In spite of being (or perhaps because he was) tough, he was also fair, and he sought first and foremost ability in others. Higgins Industries was the first company in New Orleans to racially integrate, and Higgins paid all his employees equal wages for equal work, regardless of race or gender.
A former adviser of Franklin Delano Roosevelt, Raymond Moley, wrote in a 1943 Newsweek article that “Higgins’ assembly line for small boats broke precedents, but it is Higgins himself who takes your breath away as much as his remarkable products and his fantastic ability to multiply his products at headlong speed.
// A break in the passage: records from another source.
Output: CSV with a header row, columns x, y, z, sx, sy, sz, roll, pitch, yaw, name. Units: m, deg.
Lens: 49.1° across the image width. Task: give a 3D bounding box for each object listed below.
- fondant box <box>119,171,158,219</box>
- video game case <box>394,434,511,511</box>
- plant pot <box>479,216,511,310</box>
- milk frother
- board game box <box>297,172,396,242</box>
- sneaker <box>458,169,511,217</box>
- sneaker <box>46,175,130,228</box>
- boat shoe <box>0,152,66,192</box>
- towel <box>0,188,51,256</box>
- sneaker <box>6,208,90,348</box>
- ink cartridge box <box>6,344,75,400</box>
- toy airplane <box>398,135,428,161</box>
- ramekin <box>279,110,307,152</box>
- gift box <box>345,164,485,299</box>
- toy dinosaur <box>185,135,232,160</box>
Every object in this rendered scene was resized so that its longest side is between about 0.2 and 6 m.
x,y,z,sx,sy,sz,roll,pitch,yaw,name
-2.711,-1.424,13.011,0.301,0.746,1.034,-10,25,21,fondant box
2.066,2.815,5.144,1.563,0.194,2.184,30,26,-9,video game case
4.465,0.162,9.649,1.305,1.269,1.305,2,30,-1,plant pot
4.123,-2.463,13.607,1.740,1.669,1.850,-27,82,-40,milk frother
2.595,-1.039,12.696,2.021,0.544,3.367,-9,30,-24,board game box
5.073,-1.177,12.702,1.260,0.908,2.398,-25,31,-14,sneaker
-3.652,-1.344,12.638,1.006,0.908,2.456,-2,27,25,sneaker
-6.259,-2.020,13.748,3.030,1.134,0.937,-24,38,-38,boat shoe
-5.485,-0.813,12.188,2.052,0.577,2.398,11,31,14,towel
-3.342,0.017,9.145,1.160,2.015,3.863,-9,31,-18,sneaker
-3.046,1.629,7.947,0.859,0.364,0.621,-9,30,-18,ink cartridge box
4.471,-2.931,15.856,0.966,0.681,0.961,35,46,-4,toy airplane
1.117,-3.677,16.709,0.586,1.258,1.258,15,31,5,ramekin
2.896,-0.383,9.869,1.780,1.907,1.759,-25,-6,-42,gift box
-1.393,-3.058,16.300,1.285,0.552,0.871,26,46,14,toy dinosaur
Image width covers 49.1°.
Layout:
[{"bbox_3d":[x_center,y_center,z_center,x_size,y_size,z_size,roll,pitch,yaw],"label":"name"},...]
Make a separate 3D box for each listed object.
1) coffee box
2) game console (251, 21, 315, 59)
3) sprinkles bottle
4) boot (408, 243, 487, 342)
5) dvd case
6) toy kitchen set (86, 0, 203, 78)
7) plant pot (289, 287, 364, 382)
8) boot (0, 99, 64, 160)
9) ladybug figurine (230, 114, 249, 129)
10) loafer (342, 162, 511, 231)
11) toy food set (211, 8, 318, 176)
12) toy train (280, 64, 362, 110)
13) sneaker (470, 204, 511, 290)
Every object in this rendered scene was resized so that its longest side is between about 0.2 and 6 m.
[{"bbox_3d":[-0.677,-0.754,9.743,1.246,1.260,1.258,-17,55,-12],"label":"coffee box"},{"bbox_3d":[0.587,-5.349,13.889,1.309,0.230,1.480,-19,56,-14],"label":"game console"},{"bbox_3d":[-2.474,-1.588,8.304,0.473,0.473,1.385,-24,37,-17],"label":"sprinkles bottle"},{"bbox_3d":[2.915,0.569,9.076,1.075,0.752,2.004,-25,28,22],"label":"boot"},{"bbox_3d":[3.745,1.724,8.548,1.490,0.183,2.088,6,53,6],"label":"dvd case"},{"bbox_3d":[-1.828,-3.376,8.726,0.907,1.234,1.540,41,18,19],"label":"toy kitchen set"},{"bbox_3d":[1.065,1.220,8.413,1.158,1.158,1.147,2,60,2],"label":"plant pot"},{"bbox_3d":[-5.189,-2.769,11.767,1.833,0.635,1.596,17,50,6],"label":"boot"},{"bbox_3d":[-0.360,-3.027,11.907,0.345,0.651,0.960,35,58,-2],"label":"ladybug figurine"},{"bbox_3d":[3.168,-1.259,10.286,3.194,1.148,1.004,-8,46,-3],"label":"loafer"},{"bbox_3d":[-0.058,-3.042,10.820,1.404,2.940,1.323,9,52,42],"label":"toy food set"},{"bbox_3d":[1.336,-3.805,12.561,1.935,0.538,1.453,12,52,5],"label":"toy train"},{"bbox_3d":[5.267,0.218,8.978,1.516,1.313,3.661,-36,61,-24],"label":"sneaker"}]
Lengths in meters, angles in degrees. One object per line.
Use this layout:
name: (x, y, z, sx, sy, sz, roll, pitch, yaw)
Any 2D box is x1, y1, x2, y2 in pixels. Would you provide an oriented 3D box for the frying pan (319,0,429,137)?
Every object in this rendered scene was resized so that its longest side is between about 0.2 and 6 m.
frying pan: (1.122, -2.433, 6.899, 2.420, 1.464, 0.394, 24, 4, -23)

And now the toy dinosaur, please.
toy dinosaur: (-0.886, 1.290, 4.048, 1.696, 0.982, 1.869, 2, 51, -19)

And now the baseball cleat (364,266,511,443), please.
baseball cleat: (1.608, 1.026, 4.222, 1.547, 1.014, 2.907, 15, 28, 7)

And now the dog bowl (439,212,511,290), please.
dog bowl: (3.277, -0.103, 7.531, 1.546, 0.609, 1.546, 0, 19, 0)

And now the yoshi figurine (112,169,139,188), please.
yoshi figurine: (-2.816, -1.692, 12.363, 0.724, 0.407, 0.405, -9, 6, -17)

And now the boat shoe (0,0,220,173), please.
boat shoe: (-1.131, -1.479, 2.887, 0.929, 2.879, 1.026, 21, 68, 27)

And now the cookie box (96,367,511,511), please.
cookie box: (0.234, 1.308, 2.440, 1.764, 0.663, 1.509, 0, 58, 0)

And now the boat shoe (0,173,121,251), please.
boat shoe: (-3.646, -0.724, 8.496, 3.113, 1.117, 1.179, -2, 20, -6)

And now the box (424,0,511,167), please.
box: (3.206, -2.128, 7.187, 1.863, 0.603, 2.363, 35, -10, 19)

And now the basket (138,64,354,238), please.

Higgins is an authentic master builder, with the kind of will power, brains, drive, and daring that characterized the American empire builders of an earlier generation.”
Higgins died in 1952, and Higgins Industries—once one of the most successful boat companies in the United States—closed its doors in 1959. But the legacy of Higgins and his patented boat lives on. Today, the National WWII Museum is located in New Orleans on Andrew Higgins Drive, a fitting tribute for an inventor and entrepreneur who played a key role in America’s victory.
Higgins was inducted into the National Inventors Hall of Fame in May 2019, and to mark the forthcoming 75th anniversary of D-Day, the National Inventors Hall of Fame Museum "landed" a restored Higgins Boat in front of the museum and United States Patent and Trademark Office headquarters in Alexandria, Virginia, on April 27. Through the end of July, visitors are invited to climb aboard and experience firsthand the boat that won the war.
References
Andrain, Lewis. “Landing Craft: Naval Craft.” Encyclopedia Britannica, online. Chicago: Encyclopedia Britannica, n/d. https://www.britannica.com/technology/landing-craft.
Burk, Gilbert. “Mr. Higgins and His Wonderful Boats.” Life Magazine, August 16, 1942.
Higgins, A.J. Boat hull construction. U.S. Patent 2,144,111 filed December 24, 1937 and issued January 1, 1939.
Higgins, A.J. Lighter for mechanized equipment. U.S. Patent 2,341,866 filed December 8, 1941 and issued February 15, 1944.
Strahan, Jerry, Andrew Jackson Higgins and the Boats That Won World War II. Baton Rouge: LSU Press, 1998.